> _Problem_:
Wherever a line in the records below contains "object", copy that line.

> _Material for the task_:
● ● ● ● ●
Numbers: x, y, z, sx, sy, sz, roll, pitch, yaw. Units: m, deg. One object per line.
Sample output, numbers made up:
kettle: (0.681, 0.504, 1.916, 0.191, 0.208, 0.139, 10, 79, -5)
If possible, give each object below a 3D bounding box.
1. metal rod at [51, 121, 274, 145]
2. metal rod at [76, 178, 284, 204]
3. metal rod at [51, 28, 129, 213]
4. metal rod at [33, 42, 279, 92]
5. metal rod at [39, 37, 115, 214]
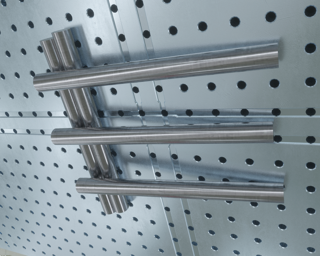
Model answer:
metal rod: (-0.013, 0.009, 0.402, 0.301, 0.025, 0.025, -2, 118, 21)
metal rod: (0.013, 0.086, 0.437, 0.301, 0.025, 0.025, -2, 118, 22)
metal rod: (-0.096, 0.005, 0.462, 0.025, 0.025, 0.298, 1, 119, 27)
metal rod: (-0.022, -0.066, 0.362, 0.301, 0.025, 0.025, -2, 118, 22)
metal rod: (-0.117, 0.012, 0.477, 0.025, 0.025, 0.298, 1, 119, 27)
● ● ● ● ●
> _Written response_:
Numbers: x, y, z, sx, sy, sz, roll, pitch, yaw. Units: m, deg. One object per line.
If possible, give each object below a 3D bounding box.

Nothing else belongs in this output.